Not only was the post office destroyed, another building on the same block went down with it as the flame spread, namely the Migizi Communications building, a nonprofit that served the needs of impoverished American Indians in Minneapolis. Indian Country reported:
Migizi provides training in media arts such as radio, film and social media. It is the home of First Person Productions and also provides training for “green” jobs, such as solar energy.
Around 400 youth a year receive job training at Migizi, which employs eight people, Drummer said.
Drummer, 46, (Executive Director Kelly Drummer, Oglala Sioux) said Migizi — “eagle” in Ojibwe — was the only minority-owned building on the block as other enterprises are leasing.
All these buildings, including the Third Precinct whose burning Osterweil lauded in The Nation can easily be replaced—just like Starbucks replaced broken windows during anarchist “actions”. What can’t be easily replaced are revolutionary ideas. When I was won over to socialism in 1967, the ideas that moved me back then are the same that move me to write in defense of socialism today. But it wasn’t just a classmate at the New School who helped me reject capitalism, it was taking part in antiwar demonstrations that gave me a sense of the power of mass actions. When are marching with 250,000 people chanting “Out Now!”, you get a feel for what the masses can do when they are ready to challenge the ruling class.
My good friend Ernie Tate, who is dealing with terminal cancer right now, once explained to me how he became a socialist.
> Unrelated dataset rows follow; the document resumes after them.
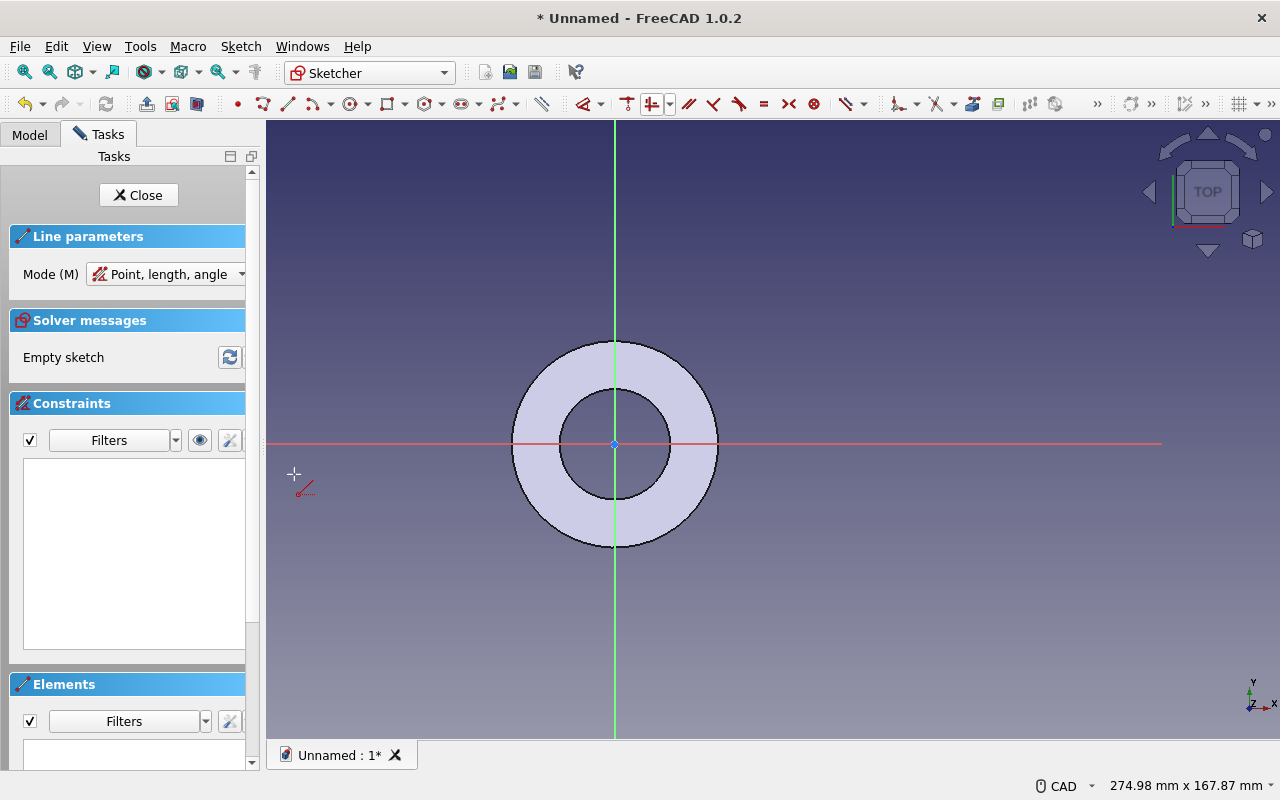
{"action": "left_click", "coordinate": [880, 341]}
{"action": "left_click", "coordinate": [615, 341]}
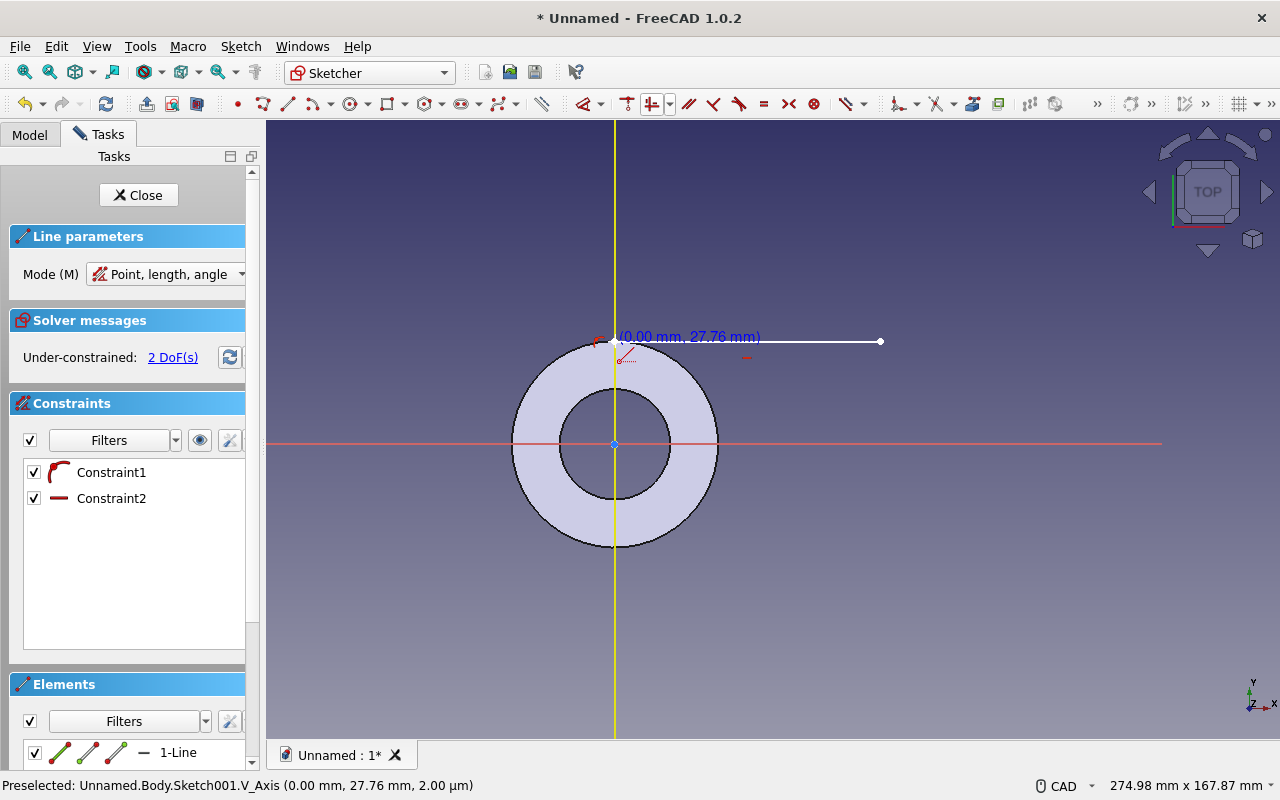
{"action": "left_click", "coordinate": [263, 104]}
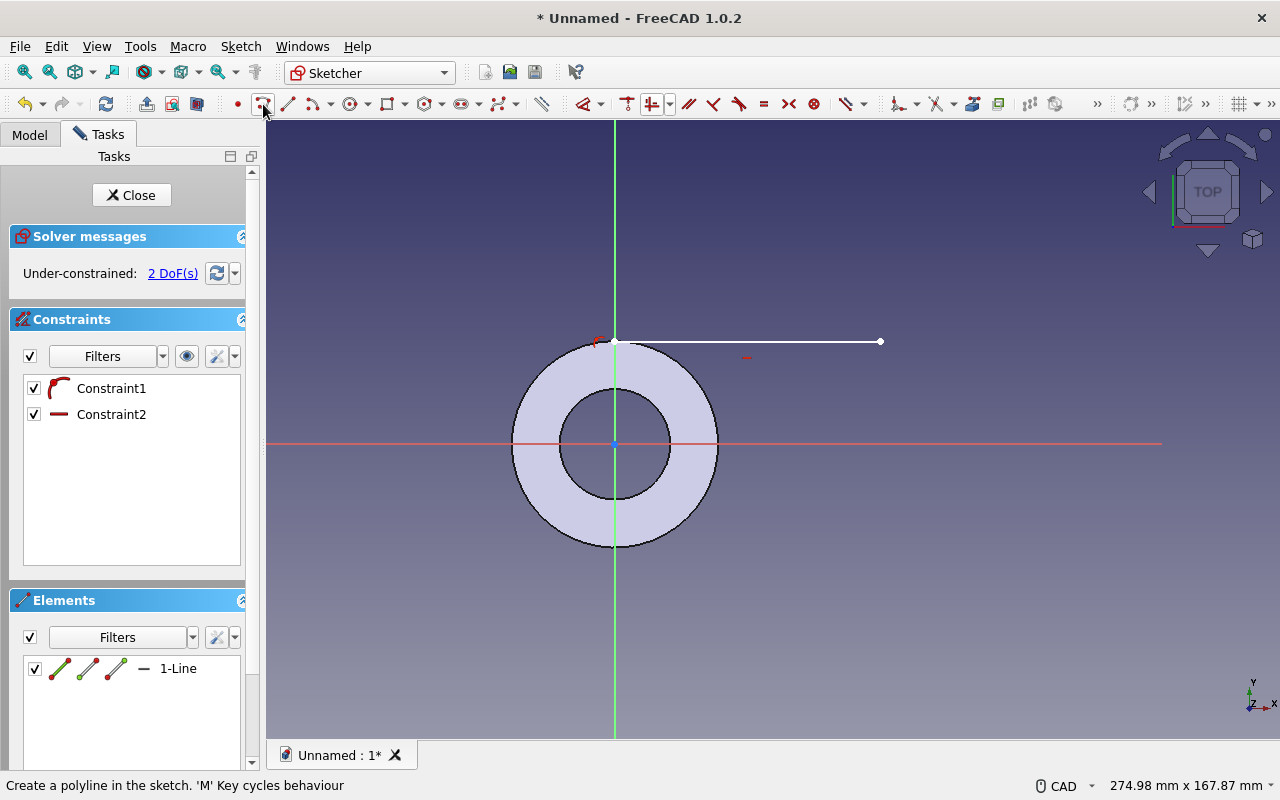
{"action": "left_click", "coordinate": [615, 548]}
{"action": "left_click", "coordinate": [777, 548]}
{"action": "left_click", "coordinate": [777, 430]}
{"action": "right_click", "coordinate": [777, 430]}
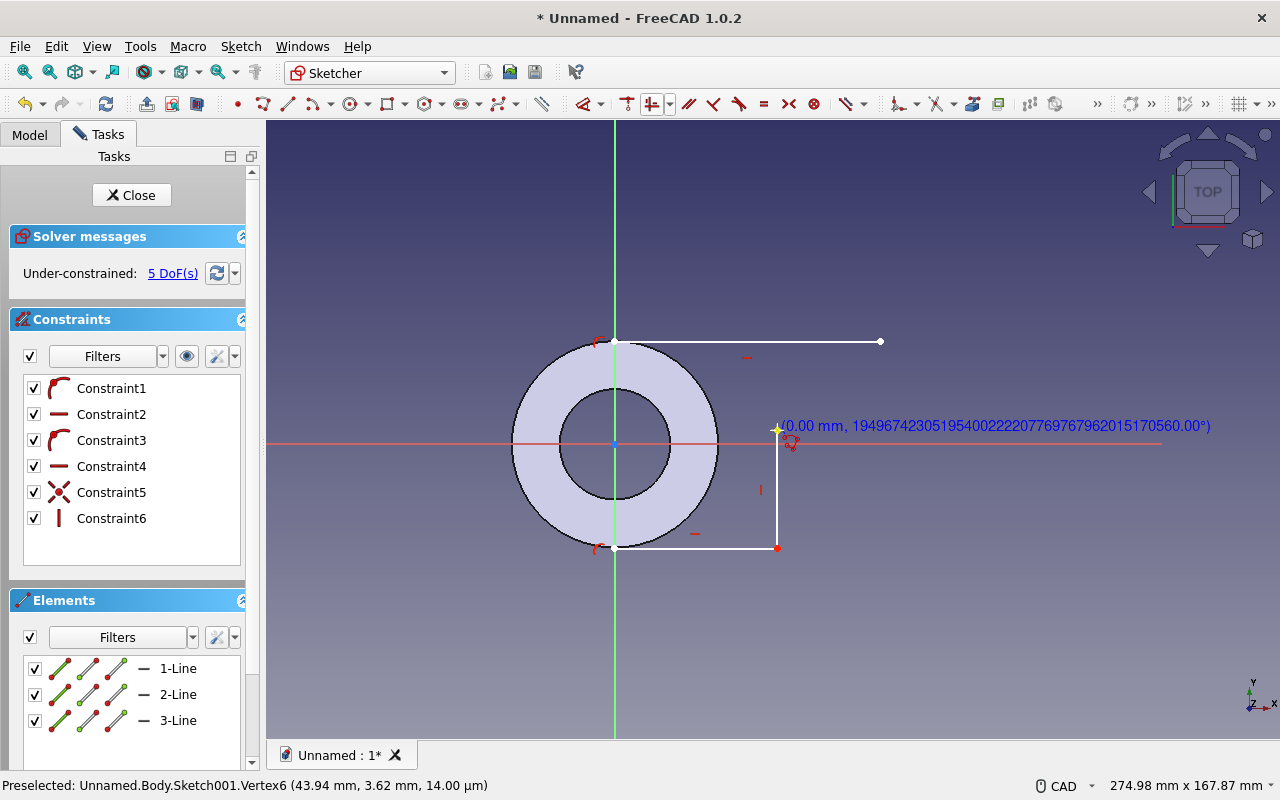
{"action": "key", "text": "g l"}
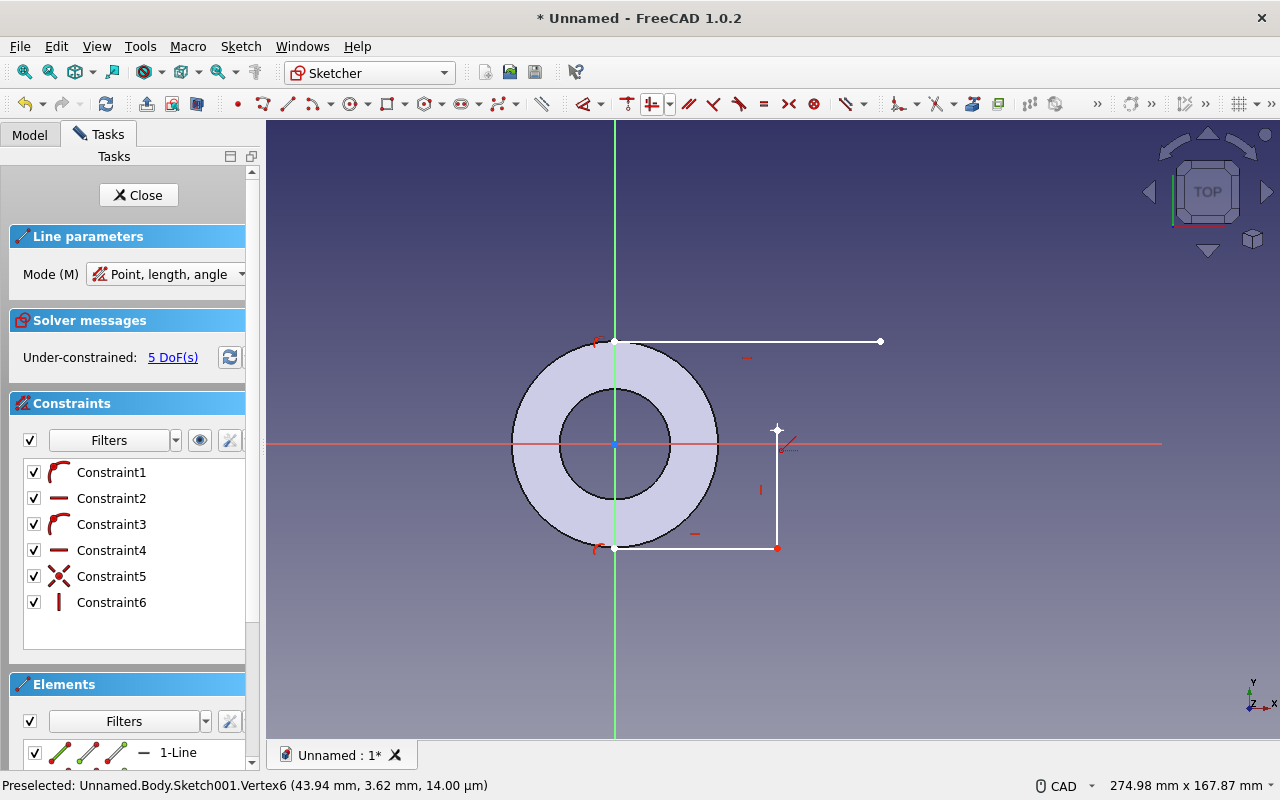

He was vacationing in Paris in the summer of 1954 and stepped out on the street in the morning, when he heard some kind of parade taking place a block away. When he got there, he saw hundreds of thousands of CGT and CP workers marching under huge red banners with hammers and sickles celebrating the Vietnamese victory at Dien Bien Phu. For him, it was like a Road to Damascus conversion that led him to begin reading socialist literature and then joining the Trotskyist movement.
This is the kind of actions I identify with. If others, even in the name of Marxism, remain intoxicated by the sight of arson and looting, there’s not much I can do. In the epochal struggles facing us, we will have to deal with both reformism and ultraleftism. It is no surprise that Osterweil basks in the glow of NPR and The Nation, two primary outlets of liberal politics. They prefer futile acts of impotent rebellion to any attempts at building a revolutionary movement in the USA. The only advantage to maintaining a mass action perspective is that history is moving in an inexorable direction toward working-class resistance. When American workers begin marching down the street under revolutionary banners, bystanders will be drawn to them in the same way I was drawn to antiwar demonstrations in the 60s. Time is on our side.